TASK OBJECTIVE - From the data below, retype exactly the lines starting with the one that contains "1) brush [415,783,1046,1254]" and ending with the one that contains "Use headerless comma-separated", both included.

DATA -
-- Opening Marker --
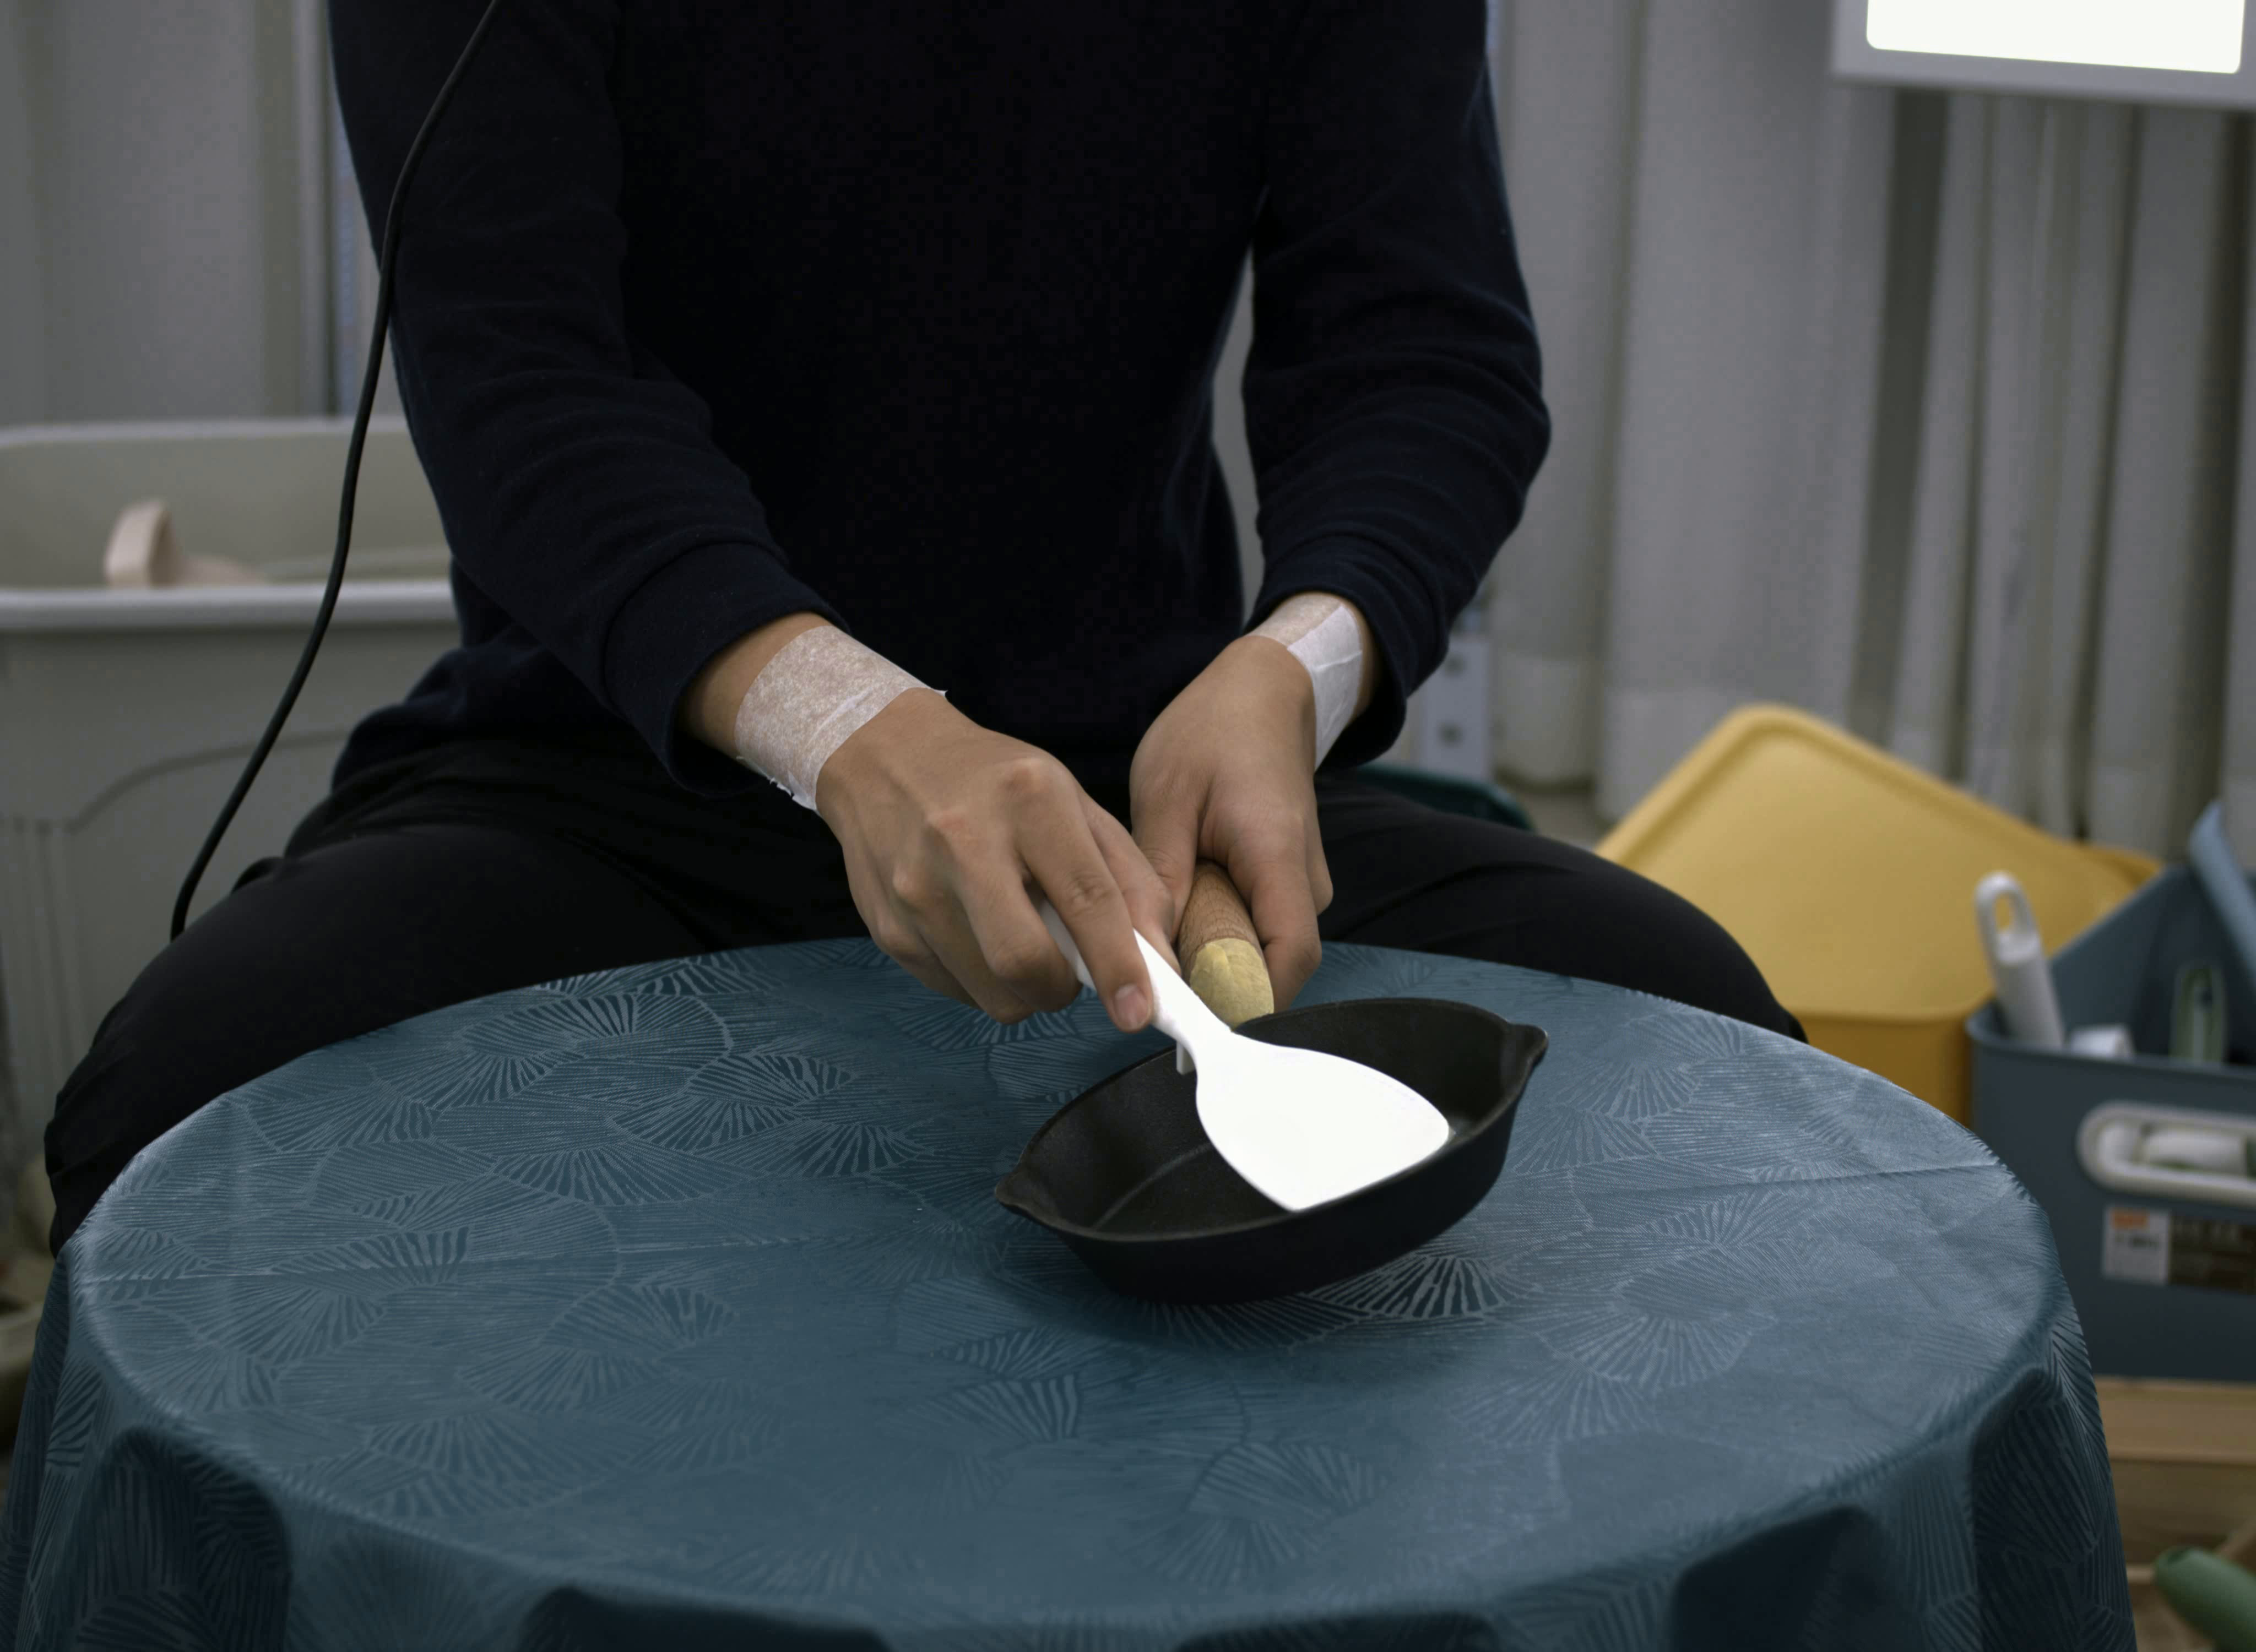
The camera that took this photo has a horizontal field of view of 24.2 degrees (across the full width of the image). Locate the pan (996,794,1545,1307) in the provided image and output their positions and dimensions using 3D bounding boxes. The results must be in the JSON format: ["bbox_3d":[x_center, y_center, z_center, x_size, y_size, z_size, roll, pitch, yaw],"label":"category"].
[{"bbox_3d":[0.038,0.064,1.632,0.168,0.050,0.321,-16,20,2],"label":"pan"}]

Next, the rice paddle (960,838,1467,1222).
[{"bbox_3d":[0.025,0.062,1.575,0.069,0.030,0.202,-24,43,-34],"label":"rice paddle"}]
-- Closing Marker --
-- Opening Marker --
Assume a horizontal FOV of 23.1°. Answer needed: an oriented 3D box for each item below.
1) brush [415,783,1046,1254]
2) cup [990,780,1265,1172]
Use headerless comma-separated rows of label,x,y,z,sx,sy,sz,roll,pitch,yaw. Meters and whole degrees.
-- Closing Marker --
OUTPUT FOR THIS EXERCISE -
1) brush [415,783,1046,1254]
2) cup [990,780,1265,1172]
Use headerless comma-separated rows of label,x,y,z,sx,sy,sz,roll,pitch,yaw. Meters and whole degrees.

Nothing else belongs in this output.